The Pokémon Company prioritized meeting collector demand rather than maintaining consistent card quantities across printing waves, so early runs may have differed substantially in total Charizard distribution. Some collectors argue that later Unlimited printings (the fifth and sixth) have higher raw card totals but lower collector interest, meaning fewer were preserved and graded. This would artificially inflate the population ratio if early collectors favored certain cards. One practical limitation for buyers: a seller offering an ungraded Blastoise with better centering and corner quality than most PSA 8 copies might claim it’s a potential PSA 9, but without grading history, you’re assessing condition subjectively. Graded population data helps establish benchmarks for what “excellent condition” actually looks like across thousands of cards, but individual ungraded cards always carry appraisal uncertainty.

The Ungraded Card Caveat and Production Reality

Historical Context of Unlimited Base Set Production

The Unlimited Base Set wasn’t produced all at once. From 1999 through roughly 2001, The Pokémon Company released six distinct printing runs—sometimes called “waves” or “pressings” by collectors—to capitalize on sustained market demand. Each printing wave could have slightly different card ratios, ink quality, and collector desirability, though The Pokémon Company never published printing quantities for individual cards.

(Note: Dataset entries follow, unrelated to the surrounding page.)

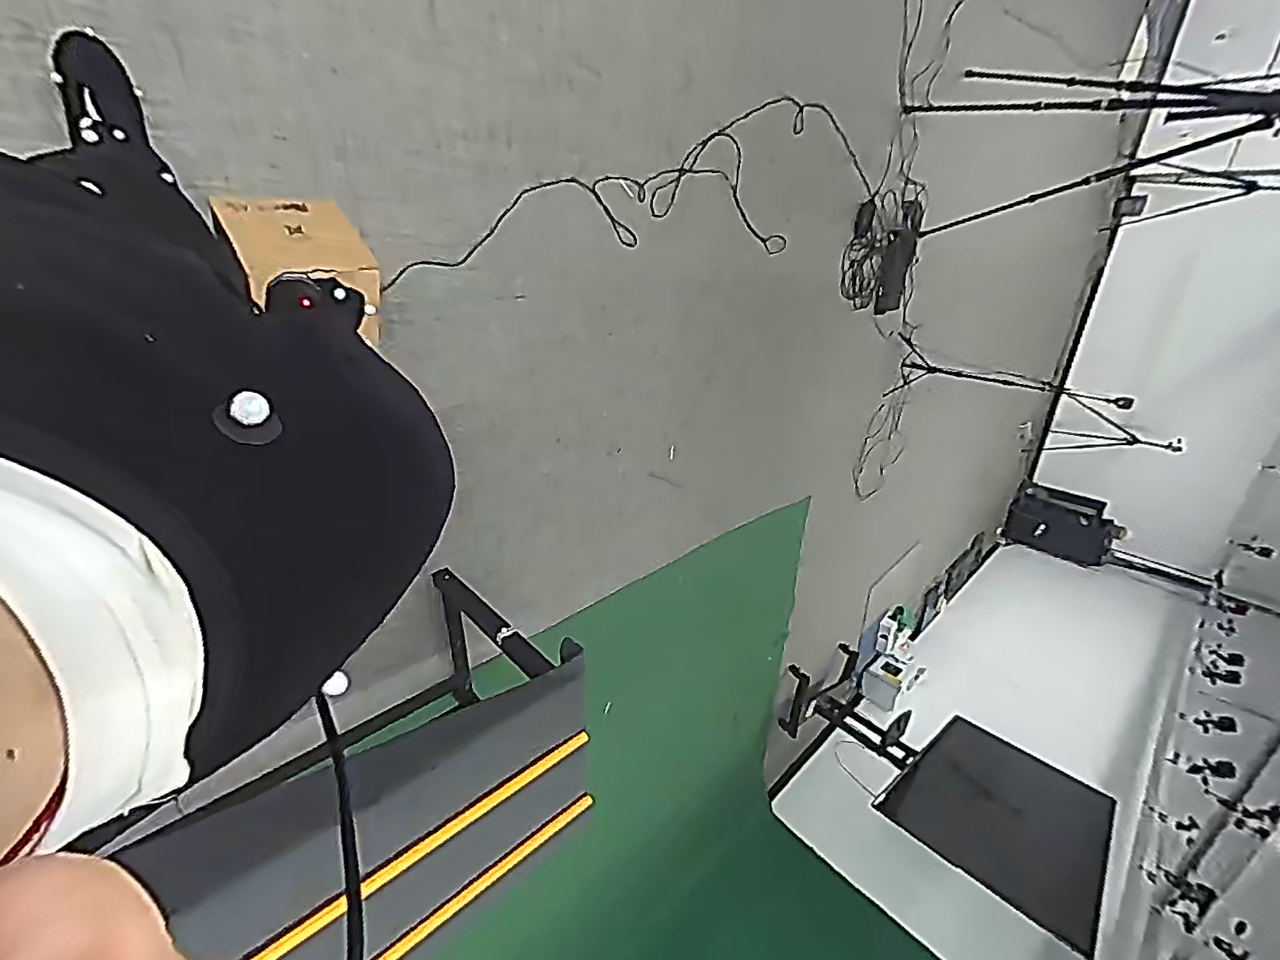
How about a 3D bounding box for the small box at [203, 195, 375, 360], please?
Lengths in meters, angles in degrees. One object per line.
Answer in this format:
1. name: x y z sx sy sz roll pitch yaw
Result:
1. small box: -0.518 -0.301 0.821 0.168 0.179 0.176 -24 159 -37
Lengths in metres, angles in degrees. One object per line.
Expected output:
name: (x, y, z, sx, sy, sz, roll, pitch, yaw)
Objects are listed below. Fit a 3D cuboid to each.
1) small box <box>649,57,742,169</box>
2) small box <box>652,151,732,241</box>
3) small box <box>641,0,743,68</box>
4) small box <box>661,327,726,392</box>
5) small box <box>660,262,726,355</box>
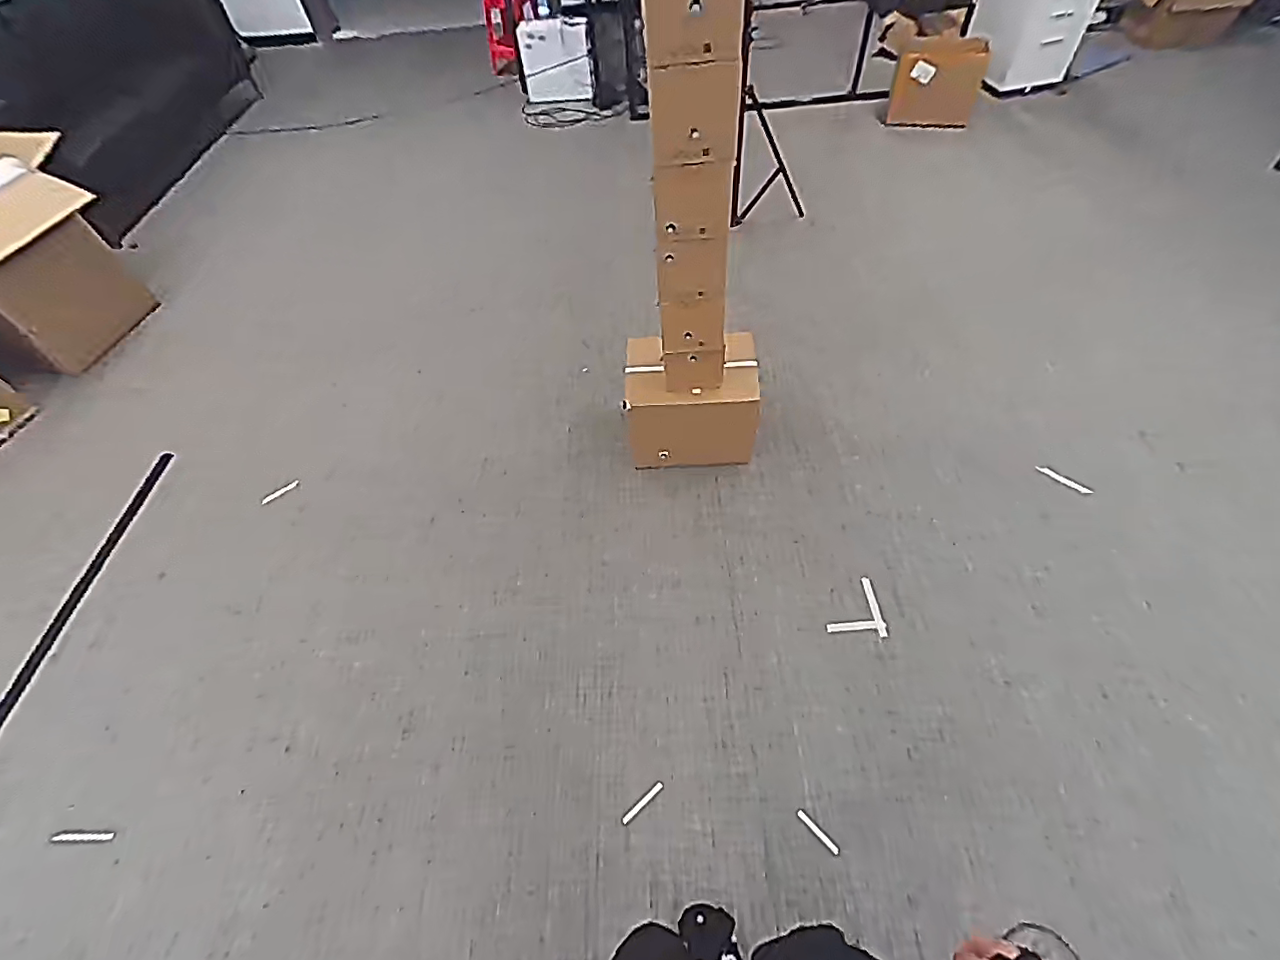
small box: (0.103, -0.744, 1.067, 0.168, 0.176, 0.179, -4, 56, 3)
small box: (0.115, -0.652, 1.203, 0.168, 0.176, 0.179, -2, 55, 4)
small box: (0.086, -0.841, 0.936, 0.168, 0.176, 0.179, -5, 56, 2)
small box: (0.156, -0.378, 1.607, 0.179, 0.176, 0.168, -4, 55, 2)
small box: (0.140, -0.465, 1.471, 0.168, 0.176, 0.179, -4, 55, 3)
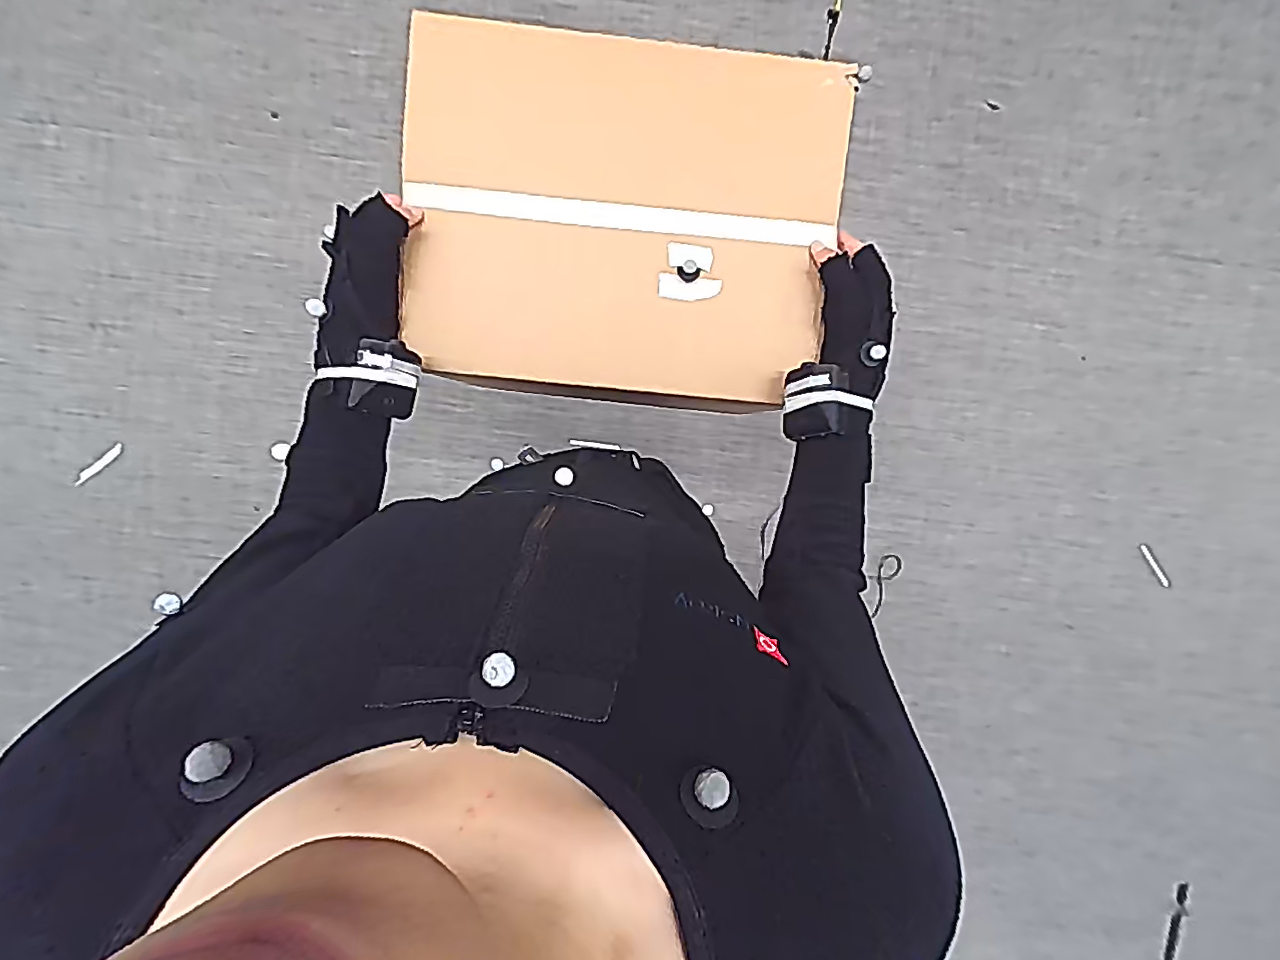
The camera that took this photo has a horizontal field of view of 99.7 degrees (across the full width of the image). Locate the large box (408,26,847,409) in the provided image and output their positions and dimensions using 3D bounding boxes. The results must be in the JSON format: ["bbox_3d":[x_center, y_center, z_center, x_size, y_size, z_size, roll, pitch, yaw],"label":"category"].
[{"bbox_3d":[-0.021,-0.261,0.659,0.408,0.320,0.320,5,96,-3],"label":"large box"}]

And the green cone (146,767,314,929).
[{"bbox_3d":[-1.039,0.932,1.340,0.202,0.368,0.200,-31,93,2],"label":"green cone"}]

What we do know is that earlier printings (1st and 2nd wave) are often considered more valuable than later ones due to scarcity and perceived vintage status. Charizard’s abundance in early printings, combined with its cultural status, likely accelerated its dominance in the overall PSA population. Newer collectors entering the hobby often pursue Charizard first, and older collectors who acquired early Unlimited printings often owned multiple Charizards. This cascading effect—Charizard being common, desirable, and kept by many collectors over decades—explains why the population gap is so substantial despite all three cards being from the identical set and era.

Market Outlook and Collector Strategy

The population data suggests Blastoise and Venusaur may offer better value appreciation potential than Charizard for collectors entering the market, precisely because their populations are smaller and their cultural demand historically lower. As the Pokemon Trading Card Game experiences periodic resurgence cycles, lesser-graded starter cards like Blastoise often see price spikes disproportionate to Charizard, because fewer copies are in circulation and publicity doesn’t flood the market with supply the way it does for Charizard.

Looking forward, these population ratios will likely remain stable because grading is essentially permanent—once a card is graded and slabbed, it enters the recorded population and contributes to these counts indefinitely. New Unlimited cards entering the PSA population will increase all three numbers, but the 2:1 ratio between Charizard and Blastoise should persist unless collection preferences dramatically shift.

Conclusion

Charizard Unlimited cards outnumber Blastoise by roughly two to one in the authenticated PSA population—92,856 versus 46,290 copies—making Charizard significantly more common in circulation among collectors. Blastoise edges out Venusaur (41,972 copies) by a modest margin, though Venusaur actually has more gem mint specimens available, which affects the market dynamics for high-grade buyers.

These population figures provide concrete reference points for anyone evaluating starter card portfolios, setting fair prices, or understanding the collector market landscape. While they represent only graded cards rather than total production quantities, PSA data offers the most reliable public information available. Use these numbers as guides when assessing condition premiums, estimating search difficulty at specific grades, and making informed decisions about which starter cards align with your collecting goals.